Internal clients connect to `my-cluster-kafka-bootstrap.kafka.svc:9092`. NodePort is free but exposes high-numbered ports; LoadBalancer gives clean endpoints but creates one LB per broker.

## Topic and User Management

The Entity Operator watches for `KafkaTopic` and `KafkaUser` CRDs:

```yaml
apiVersion: kafka.strimzi.io/v1beta2
kind: KafkaTopic
metadata:
  name: orders
  namespace: kafka
  labels:
    strimzi.io/cluster: my-cluster
spec:
  partitions: 12
  replicas: 3
  config:
    retention.ms: 604800000    # 7 days
    cleanup.policy: delete
    max.message.bytes: 1048576
    min.insync.replicas: 2
---
apiVersion: kafka.strimzi.io/v1beta2
kind: KafkaUser
metadata:
  name: order-processor
  namespace: kafka
  labels:
    strimzi.io/cluster: my-cluster
spec:
  authentication:
    type: tls
  authorization:
    type: simple
    acls:
      - resource:
          type: topic
          name: orders
          patternType: literal
        operations: [Read, Write, Describe]
        host: "*"
      - resource:
          type: group
          name: order-processor-group
          patternType: literal
        operations: [Read]
        host: "*"
```

The User Operator creates a Secret `order-processor` containing the client certificate and key. Mount this into your consumer/producer pods.

## Monitoring with JMX and Prometheus

Enable JMX metrics export in the Kafka resource:

```yaml
spec:
  kafka:
    metricsConfig:
      type: jmxPrometheusExporter
      valueFrom:
        configMapKeyRef:
          name: kafka-metrics
          key: kafka-metrics-config.yml
```

Key metrics: `UnderReplicatedPartitions` (replication health), `OfflinePartitionsCount` (partitions without a leader), `MessagesInPerSec` (throughput), `RequestHandlerAvgIdlePercent` (broker load), and `kafka_log_Log_Size` (disk usage per partition).

## Common Issues

**Under-replicated partitions.** Causes: a broker is down, disk is slow, or network congestion. Check with `--describe --under-replicated-partitions` via kafka-topics.sh.

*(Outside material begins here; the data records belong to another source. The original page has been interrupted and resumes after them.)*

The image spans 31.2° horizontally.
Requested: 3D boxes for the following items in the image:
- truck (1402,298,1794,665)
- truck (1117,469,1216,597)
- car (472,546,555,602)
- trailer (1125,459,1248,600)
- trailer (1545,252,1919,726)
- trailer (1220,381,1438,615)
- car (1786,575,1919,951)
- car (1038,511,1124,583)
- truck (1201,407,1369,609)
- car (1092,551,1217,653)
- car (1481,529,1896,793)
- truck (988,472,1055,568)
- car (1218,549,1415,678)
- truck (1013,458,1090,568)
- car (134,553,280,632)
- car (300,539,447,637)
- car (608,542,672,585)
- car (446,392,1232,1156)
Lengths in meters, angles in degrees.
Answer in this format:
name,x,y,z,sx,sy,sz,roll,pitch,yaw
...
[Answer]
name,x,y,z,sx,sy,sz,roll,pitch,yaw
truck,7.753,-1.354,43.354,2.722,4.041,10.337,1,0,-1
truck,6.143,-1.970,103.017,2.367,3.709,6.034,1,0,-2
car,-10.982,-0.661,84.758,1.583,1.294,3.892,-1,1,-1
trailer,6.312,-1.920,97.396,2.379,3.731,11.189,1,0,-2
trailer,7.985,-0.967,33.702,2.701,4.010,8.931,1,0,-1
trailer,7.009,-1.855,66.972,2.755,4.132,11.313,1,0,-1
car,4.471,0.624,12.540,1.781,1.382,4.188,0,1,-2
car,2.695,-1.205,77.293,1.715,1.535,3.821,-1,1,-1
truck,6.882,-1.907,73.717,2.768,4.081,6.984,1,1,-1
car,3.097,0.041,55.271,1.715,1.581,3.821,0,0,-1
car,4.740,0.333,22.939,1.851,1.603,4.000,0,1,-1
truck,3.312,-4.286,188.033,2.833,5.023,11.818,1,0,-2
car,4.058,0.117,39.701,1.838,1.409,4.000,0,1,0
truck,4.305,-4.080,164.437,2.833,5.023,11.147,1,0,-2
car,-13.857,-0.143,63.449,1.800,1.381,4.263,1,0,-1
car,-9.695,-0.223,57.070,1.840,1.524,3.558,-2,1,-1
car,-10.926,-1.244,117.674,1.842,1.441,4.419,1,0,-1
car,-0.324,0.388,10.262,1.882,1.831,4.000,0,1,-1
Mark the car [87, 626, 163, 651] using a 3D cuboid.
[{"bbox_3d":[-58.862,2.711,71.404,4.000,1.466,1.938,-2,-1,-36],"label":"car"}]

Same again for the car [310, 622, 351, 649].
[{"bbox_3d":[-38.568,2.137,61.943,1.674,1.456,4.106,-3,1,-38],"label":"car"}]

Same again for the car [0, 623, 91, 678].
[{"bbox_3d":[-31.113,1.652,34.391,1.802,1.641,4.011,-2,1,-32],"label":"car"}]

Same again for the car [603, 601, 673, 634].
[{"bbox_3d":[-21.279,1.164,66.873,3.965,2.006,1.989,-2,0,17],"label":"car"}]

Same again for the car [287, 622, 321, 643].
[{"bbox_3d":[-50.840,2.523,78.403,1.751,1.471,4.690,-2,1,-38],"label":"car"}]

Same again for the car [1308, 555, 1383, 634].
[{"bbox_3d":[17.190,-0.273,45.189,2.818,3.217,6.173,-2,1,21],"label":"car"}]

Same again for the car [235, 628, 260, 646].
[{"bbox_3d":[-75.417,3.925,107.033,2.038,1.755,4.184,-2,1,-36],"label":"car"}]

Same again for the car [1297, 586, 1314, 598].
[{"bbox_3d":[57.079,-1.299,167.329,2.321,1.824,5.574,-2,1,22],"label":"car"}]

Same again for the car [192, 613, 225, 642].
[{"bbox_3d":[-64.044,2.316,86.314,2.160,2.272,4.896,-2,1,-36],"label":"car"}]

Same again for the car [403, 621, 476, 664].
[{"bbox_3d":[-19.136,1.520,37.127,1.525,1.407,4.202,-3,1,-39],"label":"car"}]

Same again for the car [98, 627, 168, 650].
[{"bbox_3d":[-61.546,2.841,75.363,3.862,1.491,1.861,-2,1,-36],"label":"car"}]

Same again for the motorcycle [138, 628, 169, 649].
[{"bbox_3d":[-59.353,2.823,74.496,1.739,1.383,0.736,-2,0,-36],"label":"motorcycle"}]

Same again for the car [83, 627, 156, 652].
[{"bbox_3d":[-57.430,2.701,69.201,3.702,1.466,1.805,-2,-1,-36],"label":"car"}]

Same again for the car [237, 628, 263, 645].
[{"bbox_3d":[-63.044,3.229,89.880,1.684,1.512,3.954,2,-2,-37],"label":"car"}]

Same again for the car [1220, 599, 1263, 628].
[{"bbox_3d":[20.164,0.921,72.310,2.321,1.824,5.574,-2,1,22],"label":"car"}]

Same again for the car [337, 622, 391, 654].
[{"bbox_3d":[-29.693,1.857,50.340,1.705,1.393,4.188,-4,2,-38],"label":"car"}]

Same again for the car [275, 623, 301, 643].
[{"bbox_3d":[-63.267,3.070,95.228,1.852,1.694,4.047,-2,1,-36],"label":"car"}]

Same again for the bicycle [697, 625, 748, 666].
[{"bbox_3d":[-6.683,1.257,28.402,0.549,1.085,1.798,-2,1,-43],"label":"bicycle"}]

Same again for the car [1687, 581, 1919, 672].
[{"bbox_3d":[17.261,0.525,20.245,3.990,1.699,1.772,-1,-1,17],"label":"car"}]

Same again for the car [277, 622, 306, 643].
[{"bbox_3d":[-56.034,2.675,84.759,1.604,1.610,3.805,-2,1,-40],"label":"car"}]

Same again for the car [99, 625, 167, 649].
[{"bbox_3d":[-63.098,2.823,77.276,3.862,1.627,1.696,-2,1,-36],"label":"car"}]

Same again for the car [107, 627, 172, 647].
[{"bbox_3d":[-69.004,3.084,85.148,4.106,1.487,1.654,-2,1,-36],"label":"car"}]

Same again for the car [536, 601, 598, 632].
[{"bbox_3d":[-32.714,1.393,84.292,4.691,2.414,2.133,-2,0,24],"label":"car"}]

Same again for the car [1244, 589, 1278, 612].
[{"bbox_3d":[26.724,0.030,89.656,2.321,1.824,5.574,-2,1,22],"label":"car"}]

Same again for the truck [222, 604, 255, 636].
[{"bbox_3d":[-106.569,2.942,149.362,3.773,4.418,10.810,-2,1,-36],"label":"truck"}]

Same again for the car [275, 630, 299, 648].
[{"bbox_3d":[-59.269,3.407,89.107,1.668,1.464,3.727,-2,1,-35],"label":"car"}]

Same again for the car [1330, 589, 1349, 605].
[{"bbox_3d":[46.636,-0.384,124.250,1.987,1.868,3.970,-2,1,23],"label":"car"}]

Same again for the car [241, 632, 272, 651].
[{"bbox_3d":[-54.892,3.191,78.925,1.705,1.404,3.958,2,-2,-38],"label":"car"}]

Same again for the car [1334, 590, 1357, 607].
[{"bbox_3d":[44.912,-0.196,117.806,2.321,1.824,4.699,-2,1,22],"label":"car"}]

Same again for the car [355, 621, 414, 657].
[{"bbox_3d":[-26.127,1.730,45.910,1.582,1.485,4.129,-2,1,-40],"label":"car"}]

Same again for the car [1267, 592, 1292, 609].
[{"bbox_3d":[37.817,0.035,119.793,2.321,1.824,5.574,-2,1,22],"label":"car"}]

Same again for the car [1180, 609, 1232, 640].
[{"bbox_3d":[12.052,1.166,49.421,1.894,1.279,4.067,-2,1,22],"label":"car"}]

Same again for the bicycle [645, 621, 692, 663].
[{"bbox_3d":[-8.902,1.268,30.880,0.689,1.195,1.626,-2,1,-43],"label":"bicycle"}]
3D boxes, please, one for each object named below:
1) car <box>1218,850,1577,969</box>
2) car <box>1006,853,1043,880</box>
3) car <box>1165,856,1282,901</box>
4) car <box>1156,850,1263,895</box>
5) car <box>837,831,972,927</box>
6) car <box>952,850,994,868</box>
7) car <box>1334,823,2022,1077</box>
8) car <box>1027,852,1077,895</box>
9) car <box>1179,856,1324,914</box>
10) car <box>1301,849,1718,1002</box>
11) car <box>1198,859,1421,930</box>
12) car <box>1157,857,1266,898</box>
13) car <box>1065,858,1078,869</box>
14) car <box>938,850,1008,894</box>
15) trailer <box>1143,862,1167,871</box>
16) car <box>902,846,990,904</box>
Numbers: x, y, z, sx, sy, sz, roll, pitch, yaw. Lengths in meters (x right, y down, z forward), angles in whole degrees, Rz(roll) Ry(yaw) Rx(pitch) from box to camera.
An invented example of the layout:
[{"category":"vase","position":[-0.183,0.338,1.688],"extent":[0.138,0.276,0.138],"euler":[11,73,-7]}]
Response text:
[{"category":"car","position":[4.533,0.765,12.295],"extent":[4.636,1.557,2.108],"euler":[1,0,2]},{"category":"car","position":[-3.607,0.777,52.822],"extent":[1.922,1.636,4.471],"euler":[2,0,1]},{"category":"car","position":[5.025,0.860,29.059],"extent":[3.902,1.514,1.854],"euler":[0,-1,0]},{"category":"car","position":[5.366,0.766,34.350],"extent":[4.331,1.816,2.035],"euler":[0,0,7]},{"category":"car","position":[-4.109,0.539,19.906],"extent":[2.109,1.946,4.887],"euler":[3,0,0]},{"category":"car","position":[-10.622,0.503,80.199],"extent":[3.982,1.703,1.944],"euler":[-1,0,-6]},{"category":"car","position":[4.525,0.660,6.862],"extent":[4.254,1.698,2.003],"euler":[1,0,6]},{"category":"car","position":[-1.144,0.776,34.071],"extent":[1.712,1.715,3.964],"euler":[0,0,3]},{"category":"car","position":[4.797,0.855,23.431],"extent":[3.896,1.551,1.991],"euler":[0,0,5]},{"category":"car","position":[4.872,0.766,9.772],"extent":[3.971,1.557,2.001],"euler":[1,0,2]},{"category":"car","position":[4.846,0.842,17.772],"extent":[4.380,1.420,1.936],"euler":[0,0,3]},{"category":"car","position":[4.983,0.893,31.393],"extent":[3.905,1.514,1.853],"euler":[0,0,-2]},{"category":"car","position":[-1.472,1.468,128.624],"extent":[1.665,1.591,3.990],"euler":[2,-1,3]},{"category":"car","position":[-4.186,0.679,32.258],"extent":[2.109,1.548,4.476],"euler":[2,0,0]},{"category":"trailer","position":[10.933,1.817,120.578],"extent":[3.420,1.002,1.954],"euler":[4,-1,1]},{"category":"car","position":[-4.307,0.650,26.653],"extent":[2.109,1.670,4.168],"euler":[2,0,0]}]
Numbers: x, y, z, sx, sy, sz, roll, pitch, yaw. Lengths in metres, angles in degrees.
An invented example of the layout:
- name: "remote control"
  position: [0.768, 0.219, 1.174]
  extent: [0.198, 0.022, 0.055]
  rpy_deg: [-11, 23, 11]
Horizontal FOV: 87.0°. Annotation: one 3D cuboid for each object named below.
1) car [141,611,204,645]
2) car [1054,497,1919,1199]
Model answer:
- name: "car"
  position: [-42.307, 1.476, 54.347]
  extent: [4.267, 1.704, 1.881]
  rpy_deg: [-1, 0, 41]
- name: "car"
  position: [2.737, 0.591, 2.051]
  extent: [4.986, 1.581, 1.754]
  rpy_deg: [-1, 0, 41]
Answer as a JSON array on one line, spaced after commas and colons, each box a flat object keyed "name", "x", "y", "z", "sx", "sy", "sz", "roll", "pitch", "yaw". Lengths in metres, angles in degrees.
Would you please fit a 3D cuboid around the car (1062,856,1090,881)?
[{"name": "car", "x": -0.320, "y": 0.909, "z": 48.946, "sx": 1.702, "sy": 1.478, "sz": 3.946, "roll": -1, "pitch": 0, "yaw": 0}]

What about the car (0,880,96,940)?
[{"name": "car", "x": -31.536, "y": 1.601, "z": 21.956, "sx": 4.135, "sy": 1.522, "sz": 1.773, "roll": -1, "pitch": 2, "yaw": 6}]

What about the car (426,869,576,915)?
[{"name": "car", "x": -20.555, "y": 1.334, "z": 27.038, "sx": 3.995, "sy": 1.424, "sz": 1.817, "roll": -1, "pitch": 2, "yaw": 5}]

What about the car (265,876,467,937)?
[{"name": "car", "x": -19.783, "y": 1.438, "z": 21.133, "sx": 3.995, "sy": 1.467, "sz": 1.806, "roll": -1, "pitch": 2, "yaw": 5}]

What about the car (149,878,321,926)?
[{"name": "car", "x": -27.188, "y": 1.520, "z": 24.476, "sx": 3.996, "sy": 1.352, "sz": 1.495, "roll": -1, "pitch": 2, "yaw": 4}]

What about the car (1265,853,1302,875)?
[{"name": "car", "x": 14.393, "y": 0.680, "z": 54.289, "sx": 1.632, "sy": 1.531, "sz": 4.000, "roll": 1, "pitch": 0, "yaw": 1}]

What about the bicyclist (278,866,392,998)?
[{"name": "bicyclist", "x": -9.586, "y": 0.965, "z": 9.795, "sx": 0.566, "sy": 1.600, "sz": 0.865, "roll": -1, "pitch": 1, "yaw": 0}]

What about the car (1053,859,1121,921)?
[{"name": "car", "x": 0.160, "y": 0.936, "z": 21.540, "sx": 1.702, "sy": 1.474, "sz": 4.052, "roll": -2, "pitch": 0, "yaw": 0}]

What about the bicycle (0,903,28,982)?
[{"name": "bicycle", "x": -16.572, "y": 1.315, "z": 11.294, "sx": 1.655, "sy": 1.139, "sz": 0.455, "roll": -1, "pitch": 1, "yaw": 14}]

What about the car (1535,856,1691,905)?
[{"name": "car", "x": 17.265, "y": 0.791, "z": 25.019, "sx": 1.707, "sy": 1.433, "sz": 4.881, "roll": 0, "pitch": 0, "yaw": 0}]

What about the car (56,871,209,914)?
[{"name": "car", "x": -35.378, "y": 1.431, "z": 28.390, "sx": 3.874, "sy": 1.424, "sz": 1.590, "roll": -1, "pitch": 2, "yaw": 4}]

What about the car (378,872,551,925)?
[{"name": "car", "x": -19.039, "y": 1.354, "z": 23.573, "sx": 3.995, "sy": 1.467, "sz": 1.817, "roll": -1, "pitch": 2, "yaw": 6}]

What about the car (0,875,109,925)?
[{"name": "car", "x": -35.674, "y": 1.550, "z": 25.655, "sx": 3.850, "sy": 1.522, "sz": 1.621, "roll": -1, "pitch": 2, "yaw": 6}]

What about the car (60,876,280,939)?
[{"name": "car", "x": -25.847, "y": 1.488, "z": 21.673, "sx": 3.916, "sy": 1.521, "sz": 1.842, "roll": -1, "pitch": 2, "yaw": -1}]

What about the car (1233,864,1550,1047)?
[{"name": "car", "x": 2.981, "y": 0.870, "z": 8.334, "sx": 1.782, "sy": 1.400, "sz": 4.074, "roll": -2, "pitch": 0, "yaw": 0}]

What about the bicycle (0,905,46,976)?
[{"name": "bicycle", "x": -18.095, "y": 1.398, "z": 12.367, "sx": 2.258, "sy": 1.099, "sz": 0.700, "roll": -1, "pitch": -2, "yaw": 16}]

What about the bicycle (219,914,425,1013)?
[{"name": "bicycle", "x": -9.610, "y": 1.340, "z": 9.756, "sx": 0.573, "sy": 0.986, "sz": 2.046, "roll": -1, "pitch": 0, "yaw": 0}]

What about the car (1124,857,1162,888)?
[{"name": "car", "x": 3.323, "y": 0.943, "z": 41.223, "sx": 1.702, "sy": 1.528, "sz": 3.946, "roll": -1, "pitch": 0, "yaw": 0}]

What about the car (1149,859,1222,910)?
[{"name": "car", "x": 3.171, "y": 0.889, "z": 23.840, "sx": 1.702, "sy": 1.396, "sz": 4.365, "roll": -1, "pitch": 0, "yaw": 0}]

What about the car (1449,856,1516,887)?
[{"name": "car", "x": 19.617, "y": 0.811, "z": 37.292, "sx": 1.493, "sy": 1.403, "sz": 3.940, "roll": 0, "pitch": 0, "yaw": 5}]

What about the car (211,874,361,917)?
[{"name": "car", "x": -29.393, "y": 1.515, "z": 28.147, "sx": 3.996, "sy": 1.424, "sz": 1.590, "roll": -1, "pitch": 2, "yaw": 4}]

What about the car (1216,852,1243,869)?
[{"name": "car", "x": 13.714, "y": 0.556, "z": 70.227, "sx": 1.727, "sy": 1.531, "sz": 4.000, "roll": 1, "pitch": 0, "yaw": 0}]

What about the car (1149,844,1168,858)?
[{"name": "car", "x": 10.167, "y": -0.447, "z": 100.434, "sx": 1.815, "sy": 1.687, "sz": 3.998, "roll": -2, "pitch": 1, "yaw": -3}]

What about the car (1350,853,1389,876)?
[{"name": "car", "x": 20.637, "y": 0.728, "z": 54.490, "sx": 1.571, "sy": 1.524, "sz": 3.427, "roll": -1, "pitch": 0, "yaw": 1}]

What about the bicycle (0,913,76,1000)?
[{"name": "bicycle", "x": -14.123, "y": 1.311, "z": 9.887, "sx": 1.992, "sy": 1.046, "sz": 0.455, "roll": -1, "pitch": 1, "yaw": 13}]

**Broker not joining the cluster.** Check headless Service DNS resolution and ensure no NetworkPolicy blocks inter-broker traffic on ports 9091 (replication) and 2181 (ZooKeeper).

**Disk full.** Brokers become unresponsive. Monitor PVC usage and set `log.retention.hours` and `log.retention.bytes`. To recover, expand the PVC or reduce retention and wait for cleanup.

**Consumer group rebalancing storms.** Frequently restarting consumer pods trigger rebalances that pause all consumers. Fix the root cause and increase `session.timeout.ms` and `max.poll.interval.ms` to tolerate brief interruptions.